What is required -> Below is a listing; restate from it, character for character, the lines beginning at the line holding "#7 cooking spoon" and ending at the line holding "tennis ball;-0.162;-0.168;0.637;0.069;0.069;0.069;13;65;-9", both included.

(Data Opens)

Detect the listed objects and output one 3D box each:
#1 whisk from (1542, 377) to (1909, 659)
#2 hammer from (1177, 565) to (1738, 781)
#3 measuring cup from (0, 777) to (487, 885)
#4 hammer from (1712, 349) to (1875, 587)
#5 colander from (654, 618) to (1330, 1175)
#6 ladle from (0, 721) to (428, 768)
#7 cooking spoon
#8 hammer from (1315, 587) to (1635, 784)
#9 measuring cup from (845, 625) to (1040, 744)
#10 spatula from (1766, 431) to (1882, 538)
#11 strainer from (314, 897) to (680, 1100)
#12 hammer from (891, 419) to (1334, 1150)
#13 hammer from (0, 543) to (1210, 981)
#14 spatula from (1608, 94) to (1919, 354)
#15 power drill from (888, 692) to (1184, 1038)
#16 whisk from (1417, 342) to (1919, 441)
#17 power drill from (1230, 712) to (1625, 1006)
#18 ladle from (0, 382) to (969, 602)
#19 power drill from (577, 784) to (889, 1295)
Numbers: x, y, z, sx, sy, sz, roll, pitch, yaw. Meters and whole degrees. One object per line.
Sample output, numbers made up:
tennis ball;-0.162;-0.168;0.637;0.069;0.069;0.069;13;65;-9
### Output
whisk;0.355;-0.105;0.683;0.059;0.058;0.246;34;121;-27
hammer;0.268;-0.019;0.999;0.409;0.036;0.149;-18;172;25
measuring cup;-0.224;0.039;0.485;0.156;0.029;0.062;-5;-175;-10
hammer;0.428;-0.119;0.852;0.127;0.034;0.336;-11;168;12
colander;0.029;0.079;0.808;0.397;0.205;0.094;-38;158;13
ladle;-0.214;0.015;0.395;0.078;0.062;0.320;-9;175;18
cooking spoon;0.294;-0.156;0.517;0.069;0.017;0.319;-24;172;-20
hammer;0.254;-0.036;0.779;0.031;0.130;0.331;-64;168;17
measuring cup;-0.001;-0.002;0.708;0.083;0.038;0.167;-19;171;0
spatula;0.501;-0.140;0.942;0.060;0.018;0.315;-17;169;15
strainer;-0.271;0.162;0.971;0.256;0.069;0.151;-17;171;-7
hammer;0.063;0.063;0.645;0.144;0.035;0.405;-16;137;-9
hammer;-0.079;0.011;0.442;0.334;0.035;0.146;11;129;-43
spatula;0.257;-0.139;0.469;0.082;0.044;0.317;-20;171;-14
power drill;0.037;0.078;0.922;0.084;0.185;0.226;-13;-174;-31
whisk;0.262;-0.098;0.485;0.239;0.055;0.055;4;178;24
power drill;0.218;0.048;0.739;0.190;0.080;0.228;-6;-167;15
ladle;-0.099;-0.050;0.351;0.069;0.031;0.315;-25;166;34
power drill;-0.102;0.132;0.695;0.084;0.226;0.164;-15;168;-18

(Data Closes)

Solution below ->
#7 cooking spoon
#8 hammer from (1315, 587) to (1635, 784)
#9 measuring cup from (845, 625) to (1040, 744)
#10 spatula from (1766, 431) to (1882, 538)
#11 strainer from (314, 897) to (680, 1100)
#12 hammer from (891, 419) to (1334, 1150)
#13 hammer from (0, 543) to (1210, 981)
#14 spatula from (1608, 94) to (1919, 354)
#15 power drill from (888, 692) to (1184, 1038)
#16 whisk from (1417, 342) to (1919, 441)
#17 power drill from (1230, 712) to (1625, 1006)
#18 ladle from (0, 382) to (969, 602)
#19 power drill from (577, 784) to (889, 1295)
Numbers: x, y, z, sx, sy, sz, roll, pitch, yaw. Meters and whole degrees. One object per line.
Sample output, numbers made up:
tennis ball;-0.162;-0.168;0.637;0.069;0.069;0.069;13;65;-9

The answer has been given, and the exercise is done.